– Представления не имею, – радостно откликнулся Кристофер, испытывая явное облегчение от того, что я стала выглядеть и счастливее, и мой голос зазвучал более радостно. – У меня есть кое-какие мысли, впрочем, это дело в любом случае будет прибыльным и интересным. А лет через пять мы вновь, возможно, поговорим о переезде в Кембридж или в какой-то другой город – Лондон, Оксфорд, Брайтон, – и ты обнаружишь, что твой страх перемен уполовинился, поскольку ты уже далеко продвинулась по пути, – он шутливым жестом сорвал с меня и выбросил воображаемый плащ страха, – собственного освобождения.
– Вот почему коттедж «Мелроуз» так красив, – сказала я в заключение Сэму Комботекре, чьи глаза заметно остекленели за время выслушивания моей долгой истории.
Вероятно, он уже успел прийти к выводу, что никакой вменяемый человек не устроит такую мелодраму из обычного плана переезда в другой район страны.
– Наш дом в Литтл-Холлинге мы назвали «Мелроуз», – добавила я на тот случай, если он не заметил вывеску на входной двери.
– Да, безусловно, он весь в шоколаде, – согласился детектив.
– Так и должно быть. Для полной… компенсации.
Семь лет прошло со дня того нашего с Китом разговора в конторе «Монк и сыновья». Он больше не упоминал о возможности переезда в Кембридж, Лондон или Брайтон – ни разу. У Лондона определенно не было шансов: теперь, работая там по несколько дней в неделю, мой муж начал возвращаться домой с историями об отвратительной столичной действительности – грязь, шум, серость, смог… Такого рода оценки выдает моя мама, хотя она ни разу не была в Лондоне, но гораздо печальнее слышать их от Кита, ведь ему полагалось быть моим союзником в борьбе за свободу.
На Рождество, после нашего переезда в «Мелроуз», Кит купил для меня «четвертую из ста» фотокопию часовни Королевского колледжа[30]
.– Мне подумалось, это изображение будет приятным напоминанием о Кембридже, раз уж мы пока не собираемся жить там, – сказал он.
Я же не видела в этой фотографии ничего, кроме символа моего поражения, и она испортила мне Рождество.
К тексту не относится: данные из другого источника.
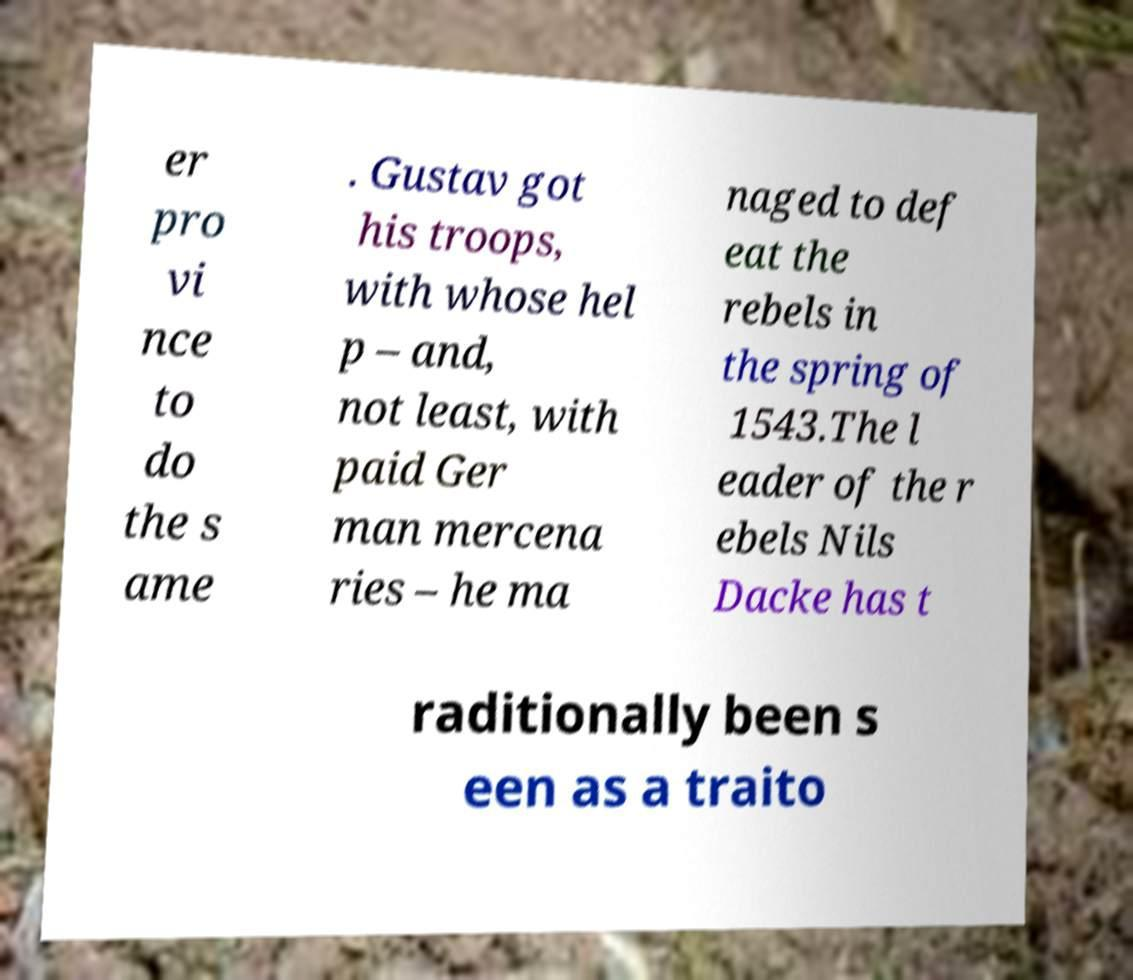Could you extract and type out the text from this image? er pro vi nce to do the s ame . Gustav got his troops, with whose hel p – and, not least, with paid Ger man mercena ries – he ma naged to def eat the rebels in the spring of 1543.The l eader of the r ebels Nils Dacke has t raditionally been s een as a traito

Смеющаяся девушка на ступенях часовни, казалось, смеялась именно надо мной.
– И вот в январе, обнаружив тот адрес в навигаторе Кита, я опять задумалась о… в общем, о том его внезапном изменении планов, – призналась я Сэму. – Он убеждал меня в том, что беспокоился о моем нервном напряжении, но что если он утаил истинную причину? Вдруг желание переехать в Кембридж возникло у него в первую очередь потому, что там он завел подругу?
«Селину Гейн», – мысленно добавила я и продолжила:
– Но потом они расстались, может, крупно поссорились, и она дала ему от ворот поворот… и именно из-за нее он запел другую песню. Однако со временем они как-то вновь связались и помирились, и на сей раз Кит не стал предлагать мне переехать, придумав план получше: жить с ней в доме одиннадцать по Бентли-гроув, держа меня в Литтл-Холлинге, на безопасном отдалении. Кит любит коттедж «Мелроуз» – он в точности добился того, что задумал в две тысячи третьем году: нашел дом, который понравился ему даже больше, чем дом семнадцать по Пардонер-лейн. И он никогда не откажется от него без крайней необходимости. Пару недель назад Кит заказал местному портретисту написать с него картину, словно этот коттедж принадлежит к человеческому роду или живым существам.
Я не смела признаться самой себе, что нахожусь на грани ненависти к своему собственному дому, несмотря на всю его красоту и невинность.
– Киту нужны две женщины, как большинству мужчин, – сердито заявила я. – Две жизни. Со мной в коттедже «Мелроуз» – одно гнездышко, а другое – в Кембридже с Селиной Гейн. Его не волнуют мои нужды. Я по-прежнему хочу переехать. Но он больше даже не заикается о переезде. Полагает, что я довольна своей жизнью, а с чего мне быть довольной? – резко бросила я Сэму, который, подобно «Мелроузу», не сделал мне ничего плохого.
– Вы же не знаете, есть ли у Кита связь с Селиной Гейн, – заметил он.
– А вы не знаете, что у него нет этой связи.
– Вы рассказывали все это Саймону Уотерхаусу? – спросил мой собеседник.